If you deploy or manage a Citrix environment, you are also well aware by now how important logs are for troubleshooting regardless if you do it yourself or you call Citrix Support. In PVS 5.x and 6.x, if logging is enabled, you would normally see the following logs under C:\ProgramData\Citrix\Provisioning Services\Logs:
Each log corresponded to a process. For instance, if you are troubleshooting an issue with the Console GUI you would be looking at Console.log, the stream process would log to StreamProcess.log, etc. In PVS 7.x, however, server-side historical logging is no longer enabled through PVS nor it’s located under the same directory. Our modules are now integrated in Citrix Diagnostic Facility (or CDF) much like XenApp, XenDesktop and Citrix Receiver/ICA Client. There are two options that you can use to generate and collect a single CDF trace from PVS:
This tool is nice and easy. All you need to do is download it on your PVS server, extract it, run it as an Administrator, and start a trace (preferably select all modules). This works great if your issue is reproducible at will (for example, a MAPI error when launching the PVS Console). The trace is generated as a .ETL file in the same folder you installed CDF Control and can be viewed from the same tool or parsed to a .CSV file to open in a more convenient program such as Excel.

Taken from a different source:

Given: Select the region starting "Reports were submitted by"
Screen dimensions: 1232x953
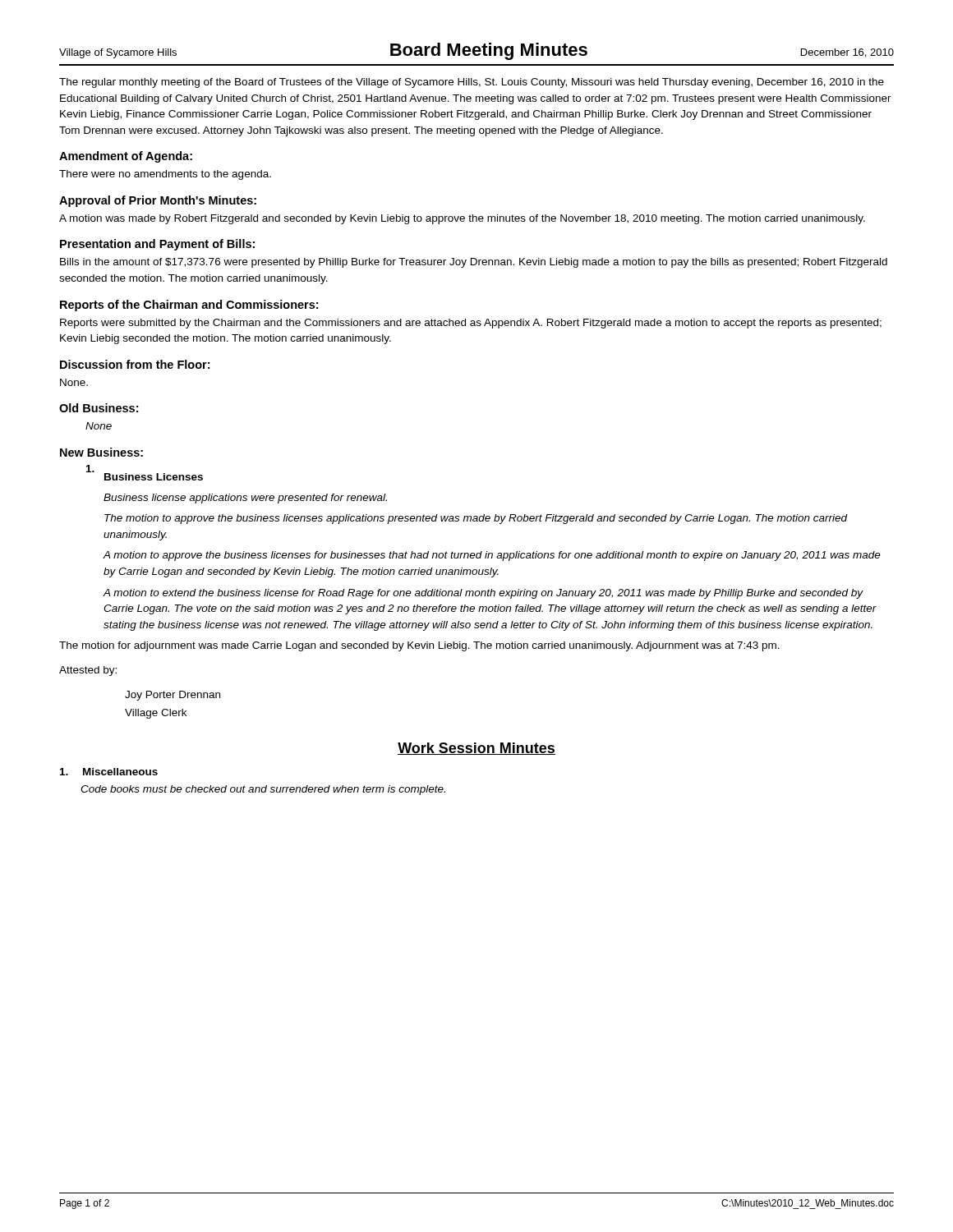Looking at the screenshot, I should (471, 330).

This is a very, very powerful utility. A bit more complex to install but adds a real value to your environment. It runs as a Windows service and generates a circular CDF trace under C:\Windows\CDF Monitor. There is a config file that comes with it and for PVS there is an extra step to go to CTX138698 and download the PVS-specific config and place it in the CDF Monitor installation folder to replace the original one. Luckily, full instructions on how to deploy CDF Monitor are provided in the same article. I highly recommend this tool for capturing intermittent issues and root cause analysis of production outages.
Note: CDF tracing is only integrated with PVS 7.x. There are no CDF modules for previous versions. Target-side logging can still be enabled from the PVS Console and is logged into CDF. ConfigWizard and Console logs are still available under the old folder.
As many of you have noticed, PVS 7.1 has a brand new cache type called “Cache in Device RAM with Overflow on Hard Disk.” This new feature of PVS is designed to provide better performance by combining the light speed of RAM with the efficiency of hard disk storage and at the same time avoiding previous hurdles such as unexpected BSOD when using RAM cache due to the memory getting filled up. The new differencing format of the file (VHDX) also resolves the issue when caching to device HD where applications accessing printer drivers would randomly crash.
As some of you have noticed, however, target device performance has not increased dramatically in terms of speed. In fact, some folks out there with IOMeters have reported that IOPs have not improved at all with the new cache type. This is currently a known issue due to a problem turning on the RAM portion of the cache and I know for a fact that Citrix is working on fixing it in the next hotfix release for PVS 7.1. So stay excited!
The RAM portion of the this cache type is fixed in CTX140338 which is a target device hotfix.